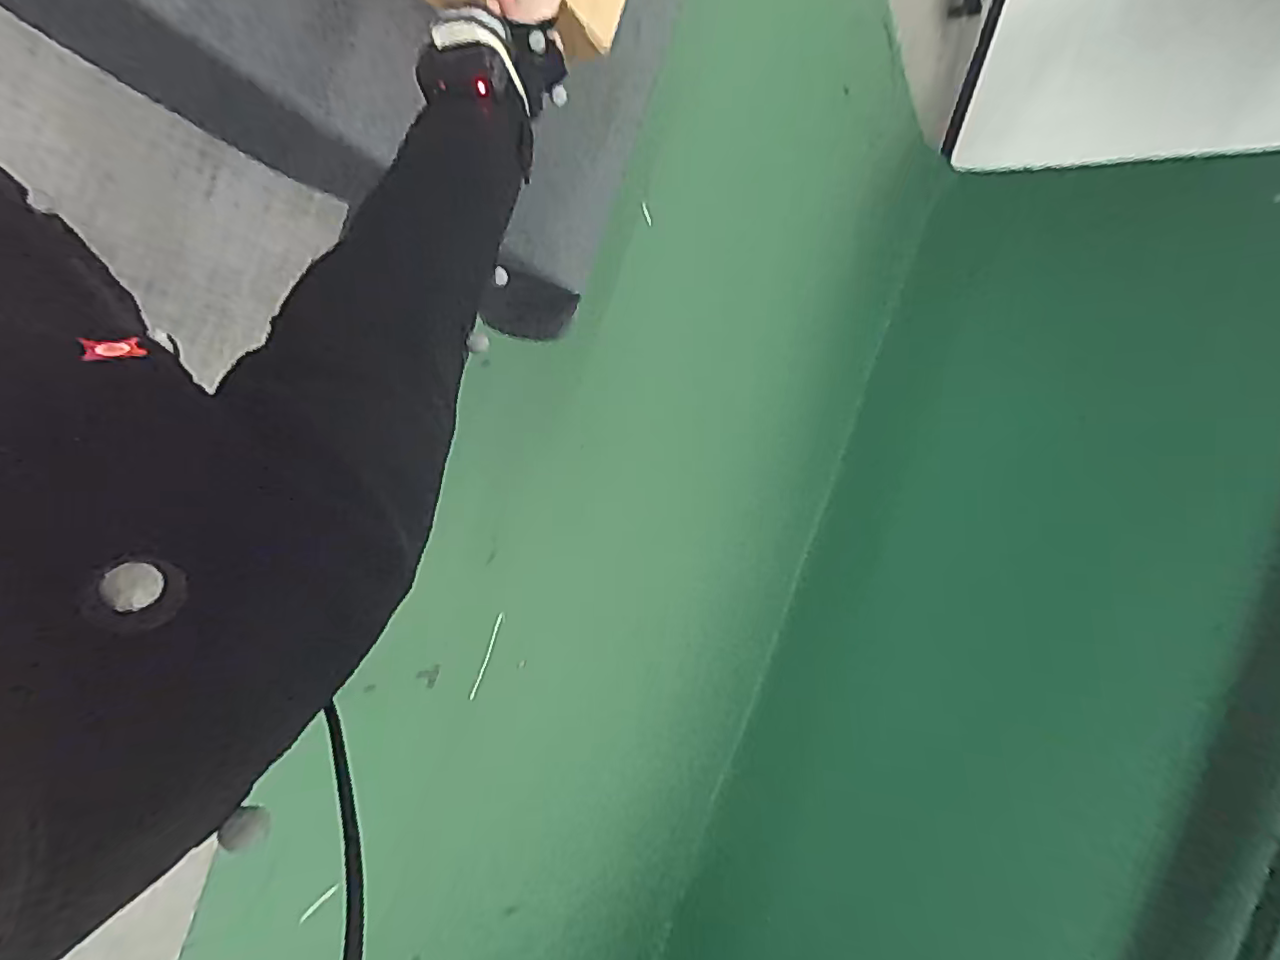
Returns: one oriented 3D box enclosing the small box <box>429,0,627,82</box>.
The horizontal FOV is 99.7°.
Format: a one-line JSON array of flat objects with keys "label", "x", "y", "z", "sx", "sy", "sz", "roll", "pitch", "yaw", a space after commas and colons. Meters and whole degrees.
[{"label": "small box", "x": -0.116, "y": -0.549, "z": 0.544, "sx": 0.168, "sy": 0.176, "sz": 0.179, "roll": 16, "pitch": 92, "yaw": -53}]

+++

**PROBLEM REQUIREMENTS:** Your answer must be an exact copy of the listing, minus its pictures.

**EXERCISE RESPONSE:**
Returns: one oriented 3D box enclosing the small box <box>429,0,627,82</box>.
The horizontal FOV is 99.7°.
Format: a one-line JSON array of flat objects with keys "label", "x", "y", "z", "sx", "sy", "sz", "roll", "pitch", "yaw", a space after commas and colons. Meters and whole degrees.
[{"label": "small box", "x": -0.116, "y": -0.549, "z": 0.544, "sx": 0.168, "sy": 0.176, "sz": 0.179, "roll": 16, "pitch": 92, "yaw": -53}]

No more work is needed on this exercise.